START Listed entries

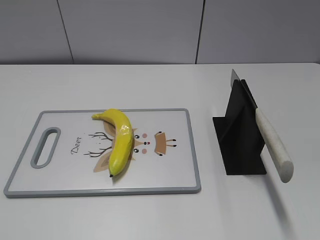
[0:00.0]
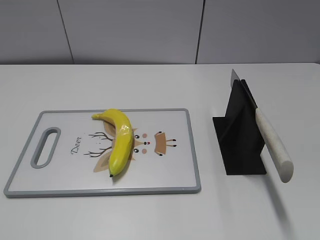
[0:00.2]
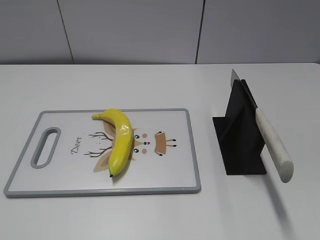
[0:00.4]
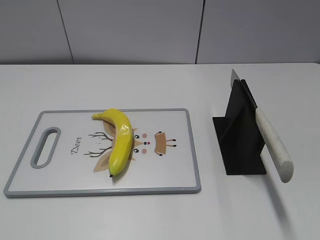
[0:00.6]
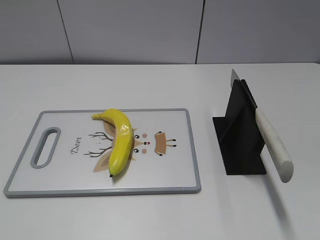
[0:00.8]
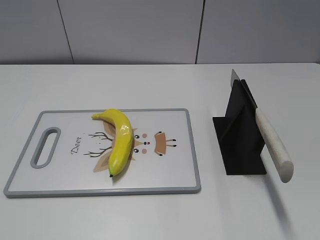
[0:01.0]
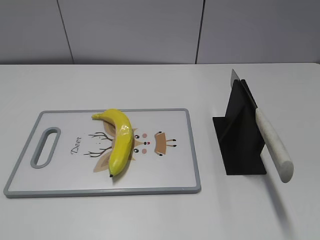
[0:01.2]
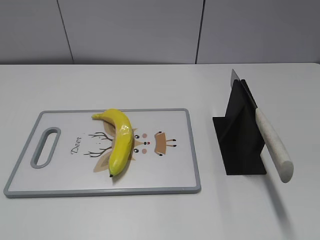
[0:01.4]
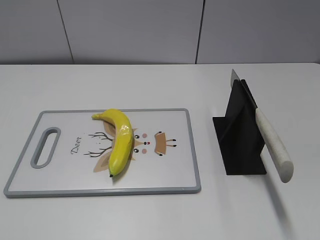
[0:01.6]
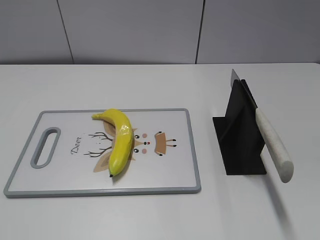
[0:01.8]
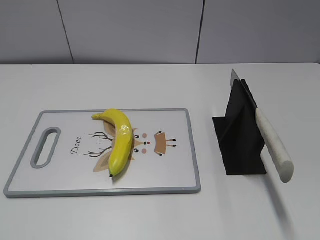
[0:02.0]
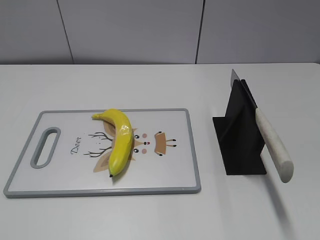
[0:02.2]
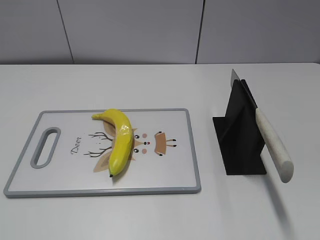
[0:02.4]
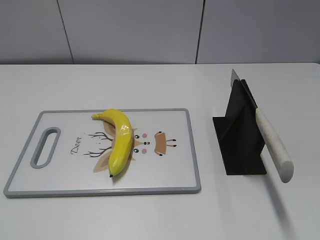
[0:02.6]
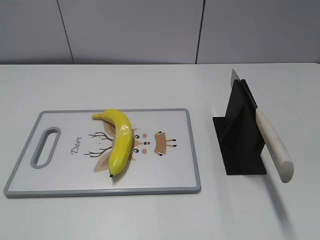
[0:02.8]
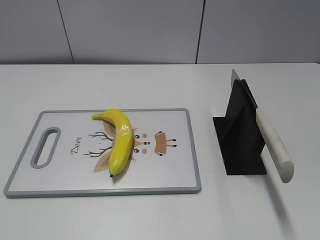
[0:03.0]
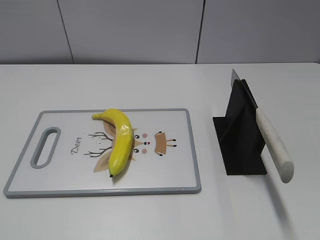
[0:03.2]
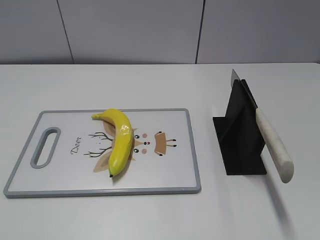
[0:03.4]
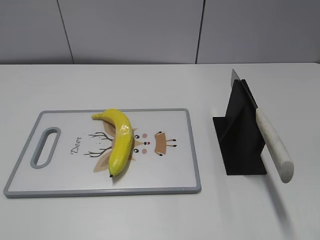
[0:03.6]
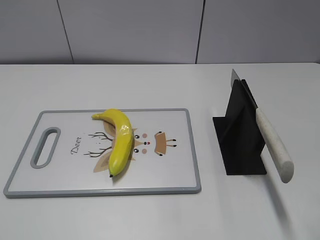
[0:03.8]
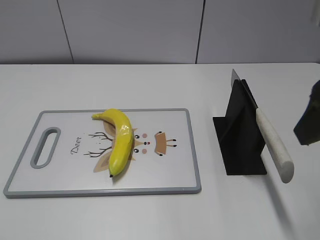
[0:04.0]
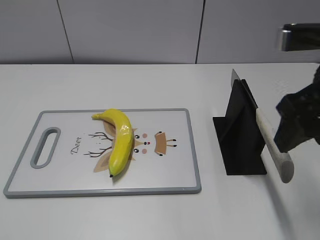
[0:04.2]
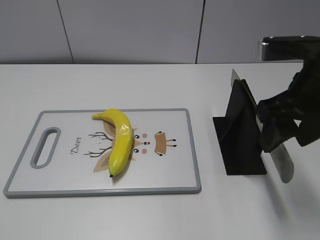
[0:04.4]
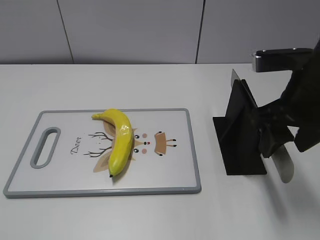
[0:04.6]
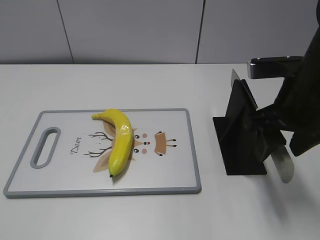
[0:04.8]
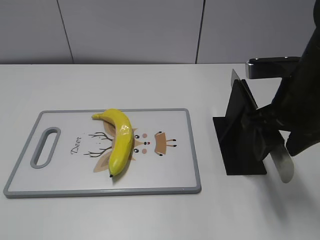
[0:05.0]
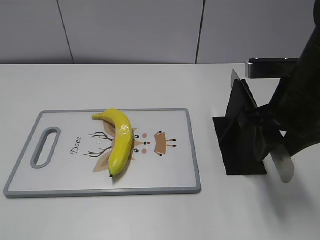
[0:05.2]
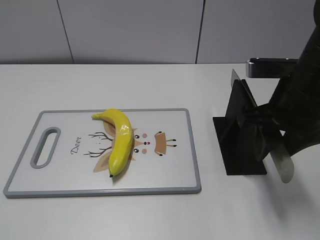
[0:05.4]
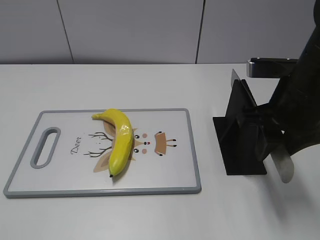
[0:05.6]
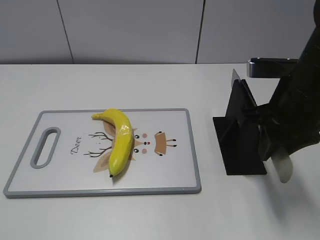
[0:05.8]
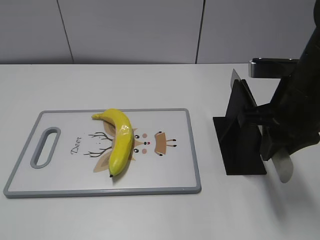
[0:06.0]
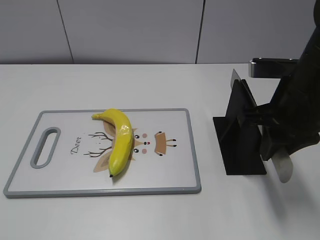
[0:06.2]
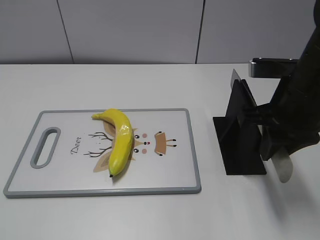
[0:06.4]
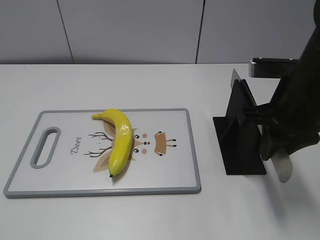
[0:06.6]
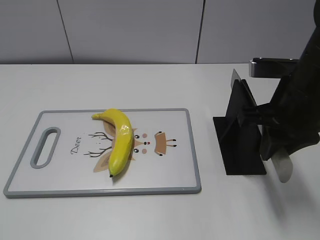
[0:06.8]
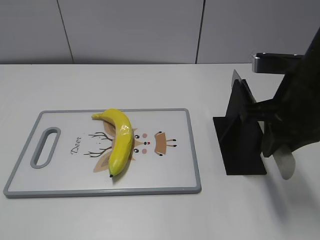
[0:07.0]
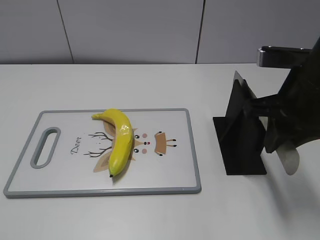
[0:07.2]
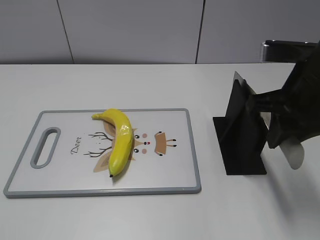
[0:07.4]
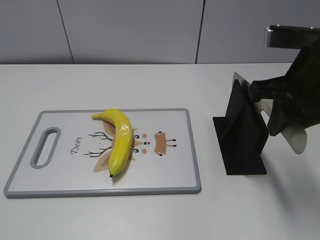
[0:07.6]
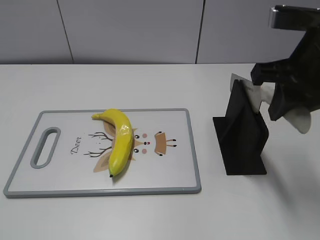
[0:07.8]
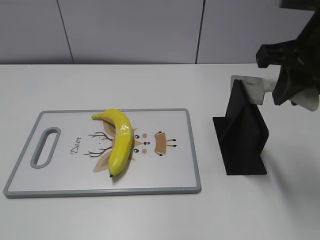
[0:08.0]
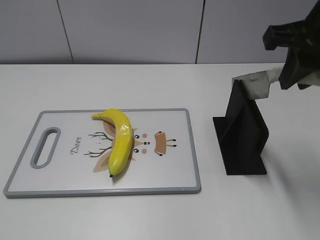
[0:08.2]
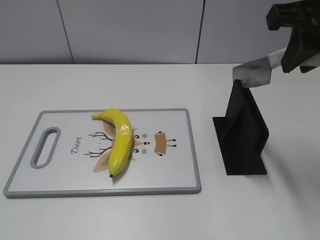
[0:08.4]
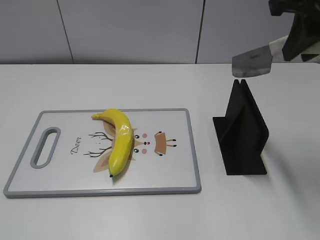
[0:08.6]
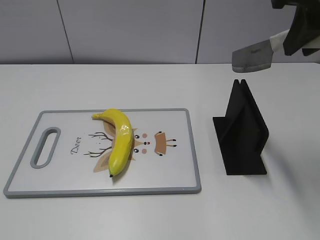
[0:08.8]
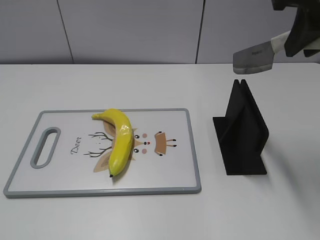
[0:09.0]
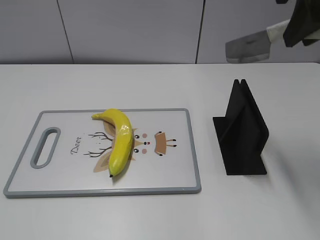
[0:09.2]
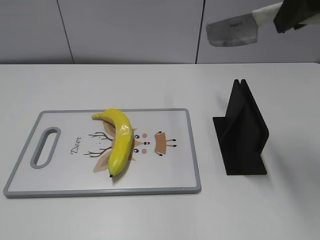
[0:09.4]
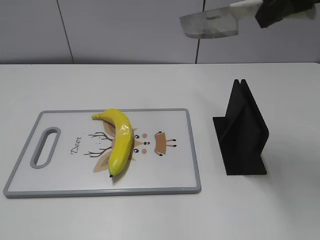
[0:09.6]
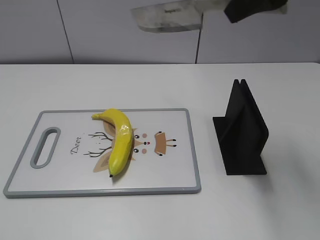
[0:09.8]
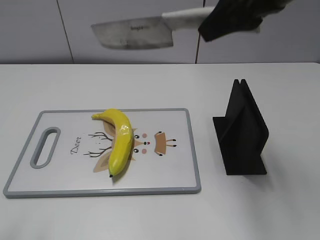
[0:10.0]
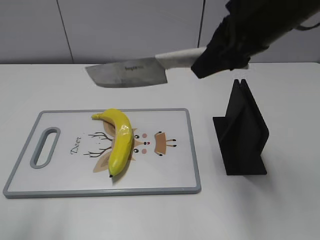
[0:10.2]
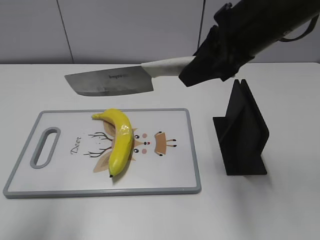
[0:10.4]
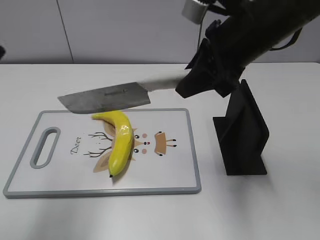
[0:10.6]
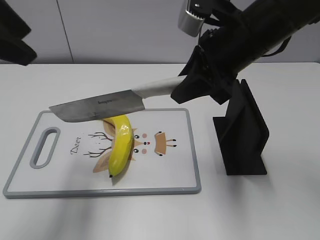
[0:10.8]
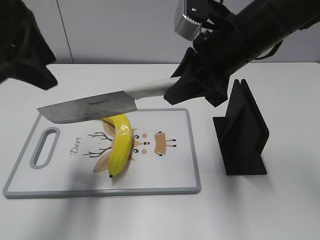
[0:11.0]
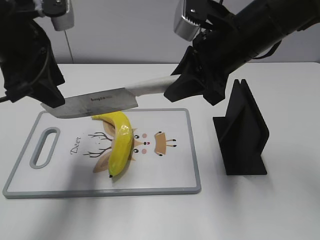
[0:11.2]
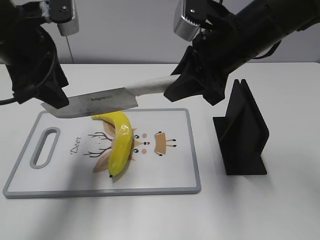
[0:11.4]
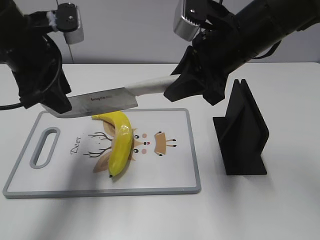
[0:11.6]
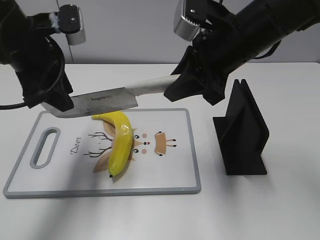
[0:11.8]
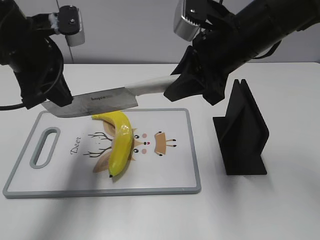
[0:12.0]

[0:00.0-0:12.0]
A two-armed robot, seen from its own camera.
Task of the whole recording: cut plastic banana.
Step, 0:00.0 to 0:07.0: Grab the knife handle with your right hand.
0:03.0 to 0:04.4: The right gripper moves forward and to the left, some 20 cm.
0:04.4 to 0:06.0: The right gripper closes its fingers.
0:06.0 to 0:07.6: The grippers move only a little.
0:07.6 to 0:09.0: The right gripper shifts about 10 cm upward.
0:09.0 to 0:10.4: The right gripper is displaced downward and to the left by roughly 10 cm. Meanwhile the left gripper travels forward and upward by about 15 cm.
0:10.4 to 0:12.0: The right gripper changes place by some 5 cm. The left gripper heads forward, downward and to the right, covering approximately 20 cm, and closes its fingers.

END Listed entries

> **Your goal**:
Every record above must be printed exactly, except for its images.

> **Task output**:
[0:00.0]
[0:00.2]
[0:00.4]
[0:00.6]
[0:00.8]
[0:01.0]
[0:01.2]
[0:01.4]
[0:01.6]
[0:01.8]
[0:02.0]
[0:02.2]
[0:02.4]
[0:02.6]
[0:02.8]
[0:03.0]
[0:03.2]
[0:03.4]
[0:03.6]
[0:03.8]
[0:04.0]
[0:04.2]
[0:04.4]
[0:04.6]
[0:04.8]
[0:05.0]
[0:05.2]
[0:05.4]
[0:05.6]
[0:05.8]
[0:06.0]
[0:06.2]
[0:06.4]
[0:06.6]
[0:06.8]
[0:07.0]
[0:07.2]
[0:07.4]
[0:07.6]
[0:07.8]
[0:08.0]
[0:08.2]
[0:08.4]
[0:08.6]
[0:08.8]
[0:09.0]
[0:09.2]
[0:09.4]
[0:09.6]
[0:09.8]
[0:10.0]
[0:10.2]
[0:10.4]
[0:10.6]
[0:10.8]
[0:11.0]
[0:11.2]
[0:11.4]
[0:11.6]
[0:11.8]
[0:12.0]

[0:00.0-0:12.0]
A two-armed robot, seen from its own camera.
Task of the whole recording: cut plastic banana.
Step, 0:00.0 to 0:07.0: Grab the knife handle with your right hand.
0:03.0 to 0:04.4: The right gripper moves forward and to the left, some 20 cm.
0:04.4 to 0:06.0: The right gripper closes its fingers.
0:06.0 to 0:07.6: The grippers move only a little.
0:07.6 to 0:09.0: The right gripper shifts about 10 cm upward.
0:09.0 to 0:10.4: The right gripper is displaced downward and to the left by roughly 10 cm. Meanwhile the left gripper travels forward and upward by about 15 cm.
0:10.4 to 0:12.0: The right gripper changes place by some 5 cm. The left gripper heads forward, downward and to the right, covering approximately 20 cm, and closes its fingers.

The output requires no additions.